New NOMAD Publications
Two new NOMAD publications are now available!
Uncovering structure-property relationships of materials by subgroup discovery
Bryan R Goldsmith, Mario Boley,Jilles Vreeken, Matthias Scheffler and Luca M Ghiringhelli, New Journal of Physics 19 (2017) 013031
Abstract: Subgroup discovery (SGD) is presented here as a data-mining approach to help find interpretable local patterns, correlations, and descriptors of a target property in materials-science data. Specifically, we will be concerned with data generated by density-functional theory calculations. At first, we demonstrate that SGD can identify physically meaningful models that classify the crystal structures of 82 octet binary (OB)semiconductors as either rocksalt or zincblende. SGD identifies an interpretable two-dimensional model derived from only the atomic radii of valence s and p orbitals that properly classifies the crystal structures for 79 of the 82 OB semiconductors. The SGD framework is subsequently applied to 24 400 configurations of neutral gas-phase gold clusters with 5–14 atoms to discern general patterns between geometrical and physicochemical properties. For example, SGD helps find that van der Waals interactions within gold clusters are linearly correlated with their radius of gyration and are weaker for planar clusters than for nonplanar clusters. Also, a descriptor that predicts a local linear correlation between the chemical hardness and the cluster isomer stability is found for the even-sized gold clusters.
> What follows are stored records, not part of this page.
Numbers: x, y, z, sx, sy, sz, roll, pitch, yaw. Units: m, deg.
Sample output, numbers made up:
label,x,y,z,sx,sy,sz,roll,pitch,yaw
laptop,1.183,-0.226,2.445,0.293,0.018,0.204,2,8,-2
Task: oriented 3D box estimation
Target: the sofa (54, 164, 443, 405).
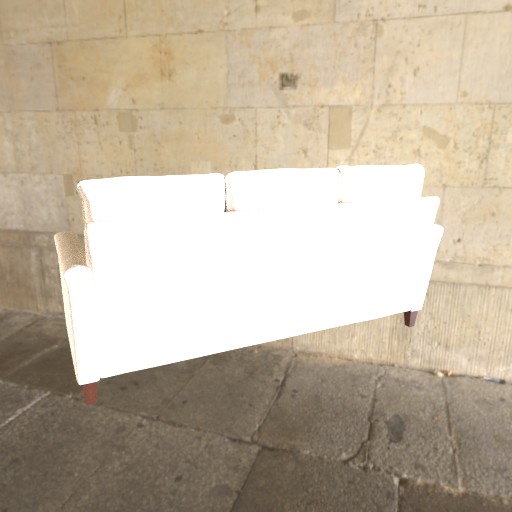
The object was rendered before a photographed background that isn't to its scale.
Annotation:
label,x,y,z,sx,sy,sz,roll,pitch,yaw
sofa,0.000,0.000,2.371,1.925,0.961,0.828,-7,16,-25
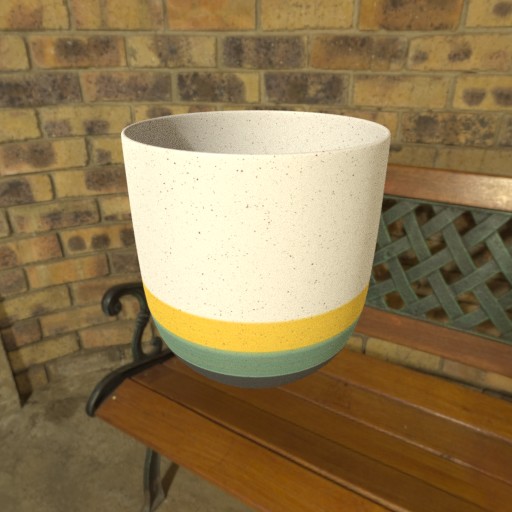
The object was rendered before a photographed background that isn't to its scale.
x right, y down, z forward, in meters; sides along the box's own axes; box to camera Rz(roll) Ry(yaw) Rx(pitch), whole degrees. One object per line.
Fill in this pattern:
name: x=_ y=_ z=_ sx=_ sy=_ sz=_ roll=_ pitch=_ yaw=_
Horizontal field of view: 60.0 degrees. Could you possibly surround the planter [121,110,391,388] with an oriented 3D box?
planter: x=0.000 y=0.000 z=0.376 sx=0.195 sy=0.214 sz=0.195 roll=0 pitch=25 yaw=0

Learning physical descriptors for materials science by compressed sensing
Luca M Ghiringhelli, Jan Vybiral, Emre Ahmetcik, Runhai Ouyang, Sergey V Levchenko, Claudia Draxl and Matthias Scheffler, New Journal of Physics 19 (2017) 023017
Abstract: The availability of big data in materials science offers new routes for analyzing materials properties and functions and achieving scientific understanding. Finding structure in these data that is not directly visible by standard tools and exploitation of the scientific information requires new and dedicated methodology based on approaches from statistical learning, compressed sensing, and other recent methods from applied mathematics, computer science, statistics, signal processing, and information science. In this paper, we explain and demonstrate a compressed-sensing based methodology for feature selection, specifically for discovering physical descriptors, i.e., physical parameters that describe the material and its properties of interest, and associated equations that explicitly and quantitatively describe those relevant properties. As showcase application and proof of concept, we describe how to build a physical model for the quantitative prediction of the crystal structure of binary compound semiconductors.